Biomedical Research Institute, National Institute of Advanced Industrial Science and Technology, Tsukuba, Japan.
Sci Rep. 2018 Jun 14;8(1):9095. doi: 10.1038/s41598-018-27314-3.
Workflows for microbiome community profiling by high-throughput sequencing are prone to sample mix-ups and cross-contamination due to the complexity of the procedures and large number of samples typically analyzed in parallel. We employed synthetic 16S rRNA gene spike-in controls to establish a method for tracking of sample identity and detection of cross-contamination in microbiome community profiling assays based on 16S rRNA gene amplicon sequencing (16S-seq). Results demonstrated that combinatorial sample tracking mixes (STMs) can be reliably resolved by Illumina sequencing and faithfully represent their sample of origin. In a single-blinded experiment, addition of STMs at low levels was shown to be sufficient to unambiguously identify and resolve swapped samples.
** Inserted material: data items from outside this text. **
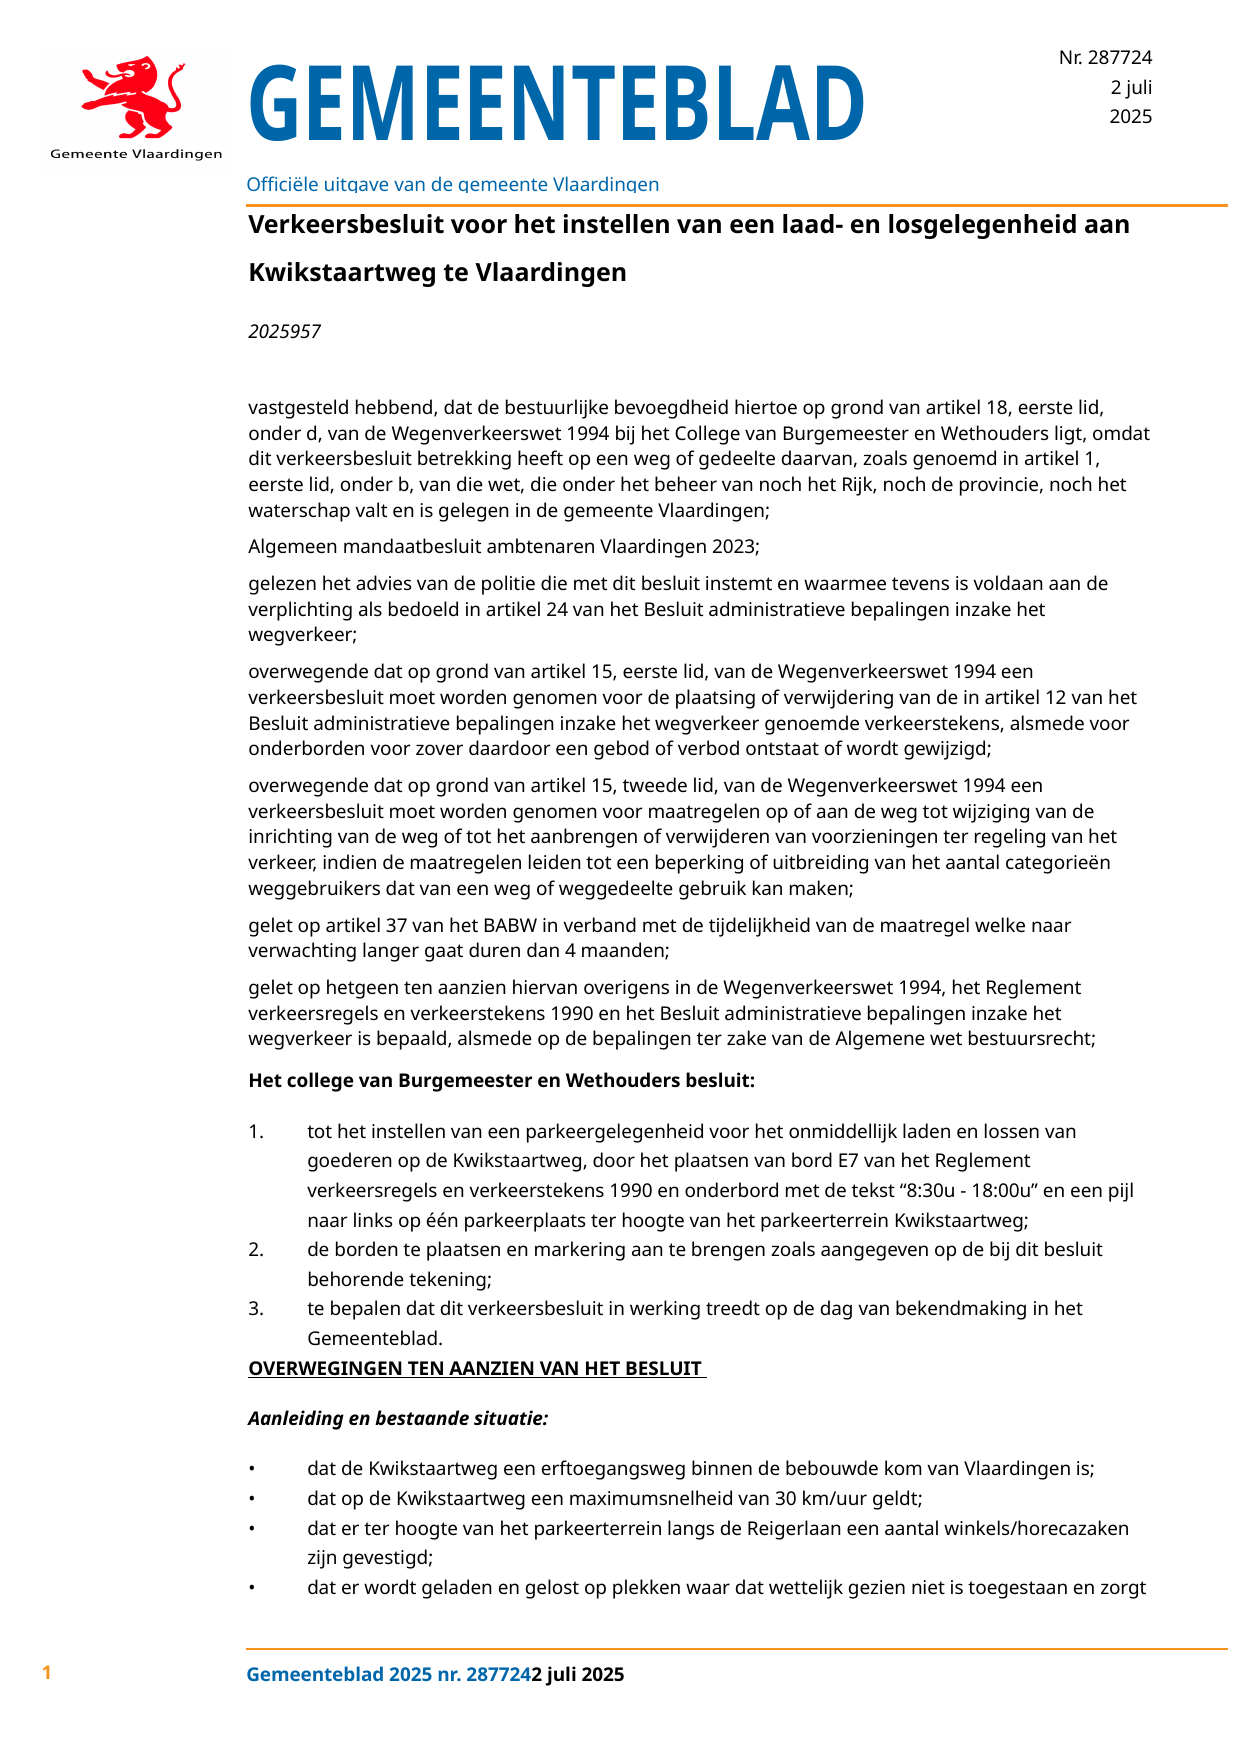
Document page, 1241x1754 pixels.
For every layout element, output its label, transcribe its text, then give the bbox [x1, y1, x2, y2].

list dat op de Kwikstaartweg een maximumsnelheid van 30 km/uur geldt; [248, 1485, 1152, 1511]
text overwegende dat op grond van artikel 15, eerste lid, van de Wegenverkeerswet 1994 een verkeersbesluit moet worden genomen voor de plaatsing of verwijdering van de in artikel 12 van het Besluit administratieve bepalingen inzake het wegverkeer genoemde verkeerstekens, alsmede voor onderborden voor zover daardoor een gebod of verbod ontstaat of wordt gewijzigd; [248, 658, 1152, 761]
list te bepalen dat dit verkeersbesluit in werking treedt op de dag van bekendmaking in het Gemeenteblad. [248, 1296, 1152, 1351]
list dat de Kwikstaartweg een erftoegangsweg binnen de bebouwde kom van Vlaardingen is; [248, 1456, 1152, 1481]
text vastgesteld hebbend, dat de bestuurlijke bevoegdheid hiertoe op grond van artikel 18, eerste lid, onder d, van de Wegenverkeerswet 1994 bij het College van Burgemeester en Wethouders ligt, omdat dit verkeersbesluit betrekking heeft op een weg of gedeelte daarvan, zoals genoemd in artikel 1, eerste lid, onder b, van die wet, die onder het beheer van noch het Rijk, noch de provincie, noch het waterschap valt en is gelegen in de gemeente Vlaardingen; [248, 394, 1152, 523]
text 2025957 [248, 318, 1152, 344]
text gelet op artikel 37 van het BABW in verband met de tijdelijkheid van de maatregel welke naar verwachting langer gaat duren dan 4 maanden; [248, 912, 1152, 963]
text Aanleiding en bestaande situatie: [248, 1405, 1152, 1431]
text overwegende dat op grond van artikel 15, tweede lid, van de Wegenverkeerswet 1994 een verkeersbesluit moet worden genomen voor maatregelen op of aan de weg tot wijziging van de inrichting van de weg of tot het aanbrengen of verwijderen van voorzieningen ter regeling van het verkeer, indien de maatregelen leiden tot een beperking of uitbreiding van het aantal categorieën weggebruikers dat van een weg of weggedeelte gebruik kan maken; [248, 772, 1152, 901]
picture [41, 47, 231, 172]
text Algemeen mandaatbesluit ambtenaren Vlaardingen 2023; [248, 533, 1152, 559]
text Verkeersbesluit voor het instellen van een laad- en losgelegenheid aan Kwikstaartweg te Vlaardingen [248, 207, 1152, 288]
text gelezen het advies van de politie die met dit besluit instemt en waarmee tevens is voldaan aan de verplichting als bedoeld in artikel 24 van het Besluit administratieve bepalingen inzake het wegverkeer; [248, 570, 1152, 647]
list dat er ter hoogte van het parkeerterrein langs de Reigerlaan een aantal winkels/horecazaken zijn gevestigd; [248, 1515, 1152, 1570]
list dat er wordt geladen en gelost op plekken waar dat wettelijk gezien niet is toegestaan en zorgt [248, 1574, 1152, 1599]
text Het college van Burgemeester en Wethouders besluit: [248, 1068, 1152, 1093]
list tot het instellen van een parkeergelegenheid voor het onmiddellijk laden en lossen van goederen op de Kwikstaartweg, door het plaatsen van bord E7 van het Reglement verkeersregels en verkeerstekens 1990 en onderbord met de tekst “8:30u - 18:00u” en een pijl naar links op één parkeerplaats ter hoogte van het parkeerterrein Kwikstaartweg; [248, 1118, 1152, 1232]
text OVERWEGINGEN TEN AANZIEN VAN HET BESLUIT [248, 1355, 1152, 1380]
list de borden te plaatsen en markering aan te brengen zoals aangegeven op de bij dit besluit behorende tekening; [248, 1236, 1152, 1292]
text gelet op hetgeen ten aanzien hiervan overigens in de Wegenverkeerswet 1994, het Reglement verkeersregels en verkeerstekens 1990 en het Besluit administratieve bepalingen inzake het wegverkeer is bepaald, alsmede op de bepalingen ter zake van de Algemene wet bestuursrecht; [248, 974, 1152, 1051]

Using artificial admixtures of individually SMT-tagged samples, we further established the ability to detect and quantify cross-contamination down to a level of approximately 1%. The utility of our technique was underscored through detection of an unplanned case of cross-contamination that occurred during this study. By enabling detection of sample mix-ups and cross-contamination throughout 16S-seq workflows, the present technique thus assures provenance of sequence data on a per-sample basis. The method can be readily implemented in standard 16S-seq workflows and its routine application is expected to enhance the reliability of 16S-seq data.
由于高通量测序的微生物组群落分析流程复杂,且通常需要同时分析大量样本,因此容易发生样品混淆和交叉污染的问题。我们使用合成 16S rRNA 基因 Spike-in 对照物,建立了一种基于 16S rRNA 基因扩增子测序(16S-seq)的方法,用于跟踪样品身份和检测微生物组群落分析检测中的交叉污染。结果表明,组合样品跟踪混合体(STM)可以通过 Illumina 测序可靠地区分,并真实反映其原始样品。在一项单盲实验中,添加低水平的 STM 足以明确识别和区分交换的样品。使用单独 SMT 标记样品的人工混合物,我们进一步建立了检测和量化交叉污染的能力,最低可达约 1%的水平。通过检测本研究中发生的一起意外的交叉污染案例,突出了我们技术的实用性。通过在整个 16S-seq 工作流程中检测样品混淆和交叉污染,本技术可确保每个样品的序列数据来源可追溯。该方法可以轻松地整合到标准的 16S-seq 工作流程中,其常规应用有望提高 16S-seq 数据的可靠性。